# RECORD EXCERPTS
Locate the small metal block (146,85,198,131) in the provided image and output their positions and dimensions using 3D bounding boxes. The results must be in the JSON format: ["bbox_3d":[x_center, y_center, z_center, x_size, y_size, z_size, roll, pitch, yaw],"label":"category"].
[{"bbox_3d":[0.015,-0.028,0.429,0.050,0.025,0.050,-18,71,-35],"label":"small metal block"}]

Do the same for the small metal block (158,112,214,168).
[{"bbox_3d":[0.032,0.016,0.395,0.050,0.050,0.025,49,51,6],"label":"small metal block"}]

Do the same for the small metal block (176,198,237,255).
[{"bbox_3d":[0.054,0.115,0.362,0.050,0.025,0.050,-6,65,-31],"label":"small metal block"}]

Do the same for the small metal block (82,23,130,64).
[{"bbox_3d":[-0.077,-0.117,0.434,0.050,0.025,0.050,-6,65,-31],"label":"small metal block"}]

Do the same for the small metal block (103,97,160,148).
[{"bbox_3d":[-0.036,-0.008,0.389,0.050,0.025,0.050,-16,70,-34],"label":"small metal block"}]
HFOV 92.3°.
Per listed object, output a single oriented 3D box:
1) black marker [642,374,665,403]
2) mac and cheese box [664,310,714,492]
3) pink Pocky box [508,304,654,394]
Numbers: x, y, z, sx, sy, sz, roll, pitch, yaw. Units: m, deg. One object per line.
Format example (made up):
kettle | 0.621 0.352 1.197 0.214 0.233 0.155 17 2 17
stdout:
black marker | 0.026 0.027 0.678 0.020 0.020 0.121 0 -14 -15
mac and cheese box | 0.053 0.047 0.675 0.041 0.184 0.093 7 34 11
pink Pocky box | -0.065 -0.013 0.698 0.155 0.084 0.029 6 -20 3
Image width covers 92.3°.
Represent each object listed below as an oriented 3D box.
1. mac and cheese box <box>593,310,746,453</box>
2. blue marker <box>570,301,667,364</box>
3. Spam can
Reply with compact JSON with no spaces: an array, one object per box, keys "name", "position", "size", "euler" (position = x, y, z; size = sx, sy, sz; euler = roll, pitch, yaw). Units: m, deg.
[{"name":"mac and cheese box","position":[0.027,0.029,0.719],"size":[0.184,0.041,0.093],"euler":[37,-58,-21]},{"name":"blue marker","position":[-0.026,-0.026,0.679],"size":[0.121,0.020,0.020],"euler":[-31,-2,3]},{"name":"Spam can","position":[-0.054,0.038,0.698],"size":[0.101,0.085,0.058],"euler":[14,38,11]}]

# EXERCISE BRIEF
For this exercise, give the entries above again with no difference at all.

# ANSWER
Locate the small metal block (146,85,198,131) in the provided image and output their positions and dimensions using 3D bounding boxes. The results must be in the JSON format: ["bbox_3d":[x_center, y_center, z_center, x_size, y_size, z_size, roll, pitch, yaw],"label":"category"].
[{"bbox_3d":[0.015,-0.028,0.429,0.050,0.025,0.050,-18,71,-35],"label":"small metal block"}]

Do the same for the small metal block (158,112,214,168).
[{"bbox_3d":[0.032,0.016,0.395,0.050,0.050,0.025,49,51,6],"label":"small metal block"}]

Do the same for the small metal block (176,198,237,255).
[{"bbox_3d":[0.054,0.115,0.362,0.050,0.025,0.050,-6,65,-31],"label":"small metal block"}]

Do the same for the small metal block (82,23,130,64).
[{"bbox_3d":[-0.077,-0.117,0.434,0.050,0.025,0.050,-6,65,-31],"label":"small metal block"}]

Do the same for the small metal block (103,97,160,148).
[{"bbox_3d":[-0.036,-0.008,0.389,0.050,0.025,0.050,-16,70,-34],"label":"small metal block"}]
HFOV 92.3°.
Per listed object, output a single oriented 3D box:
1) black marker [642,374,665,403]
2) mac and cheese box [664,310,714,492]
3) pink Pocky box [508,304,654,394]
Numbers: x, y, z, sx, sy, sz, roll, pitch, yaw. Units: m, deg. One object per line.
Format example (made up):
kettle | 0.621 0.352 1.197 0.214 0.233 0.155 17 2 17
stdout:
black marker | 0.026 0.027 0.678 0.020 0.020 0.121 0 -14 -15
mac and cheese box | 0.053 0.047 0.675 0.041 0.184 0.093 7 34 11
pink Pocky box | -0.065 -0.013 0.698 0.155 0.084 0.029 6 -20 3
Image width covers 92.3°.
Represent each object listed below as an oriented 3D box.
1. mac and cheese box <box>593,310,746,453</box>
2. blue marker <box>570,301,667,364</box>
3. Spam can
Reply with compact JSON with no spaces: an array, one object per box, keys "name", "position", "size", "euler" (position = x, y, z; size = sx, sy, sz; euler = roll, pitch, yaw). Units: m, deg.
[{"name":"mac and cheese box","position":[0.027,0.029,0.719],"size":[0.184,0.041,0.093],"euler":[37,-58,-21]},{"name":"blue marker","position":[-0.026,-0.026,0.679],"size":[0.121,0.020,0.020],"euler":[-31,-2,3]},{"name":"Spam can","position":[-0.054,0.038,0.698],"size":[0.101,0.085,0.058],"euler":[14,38,11]}]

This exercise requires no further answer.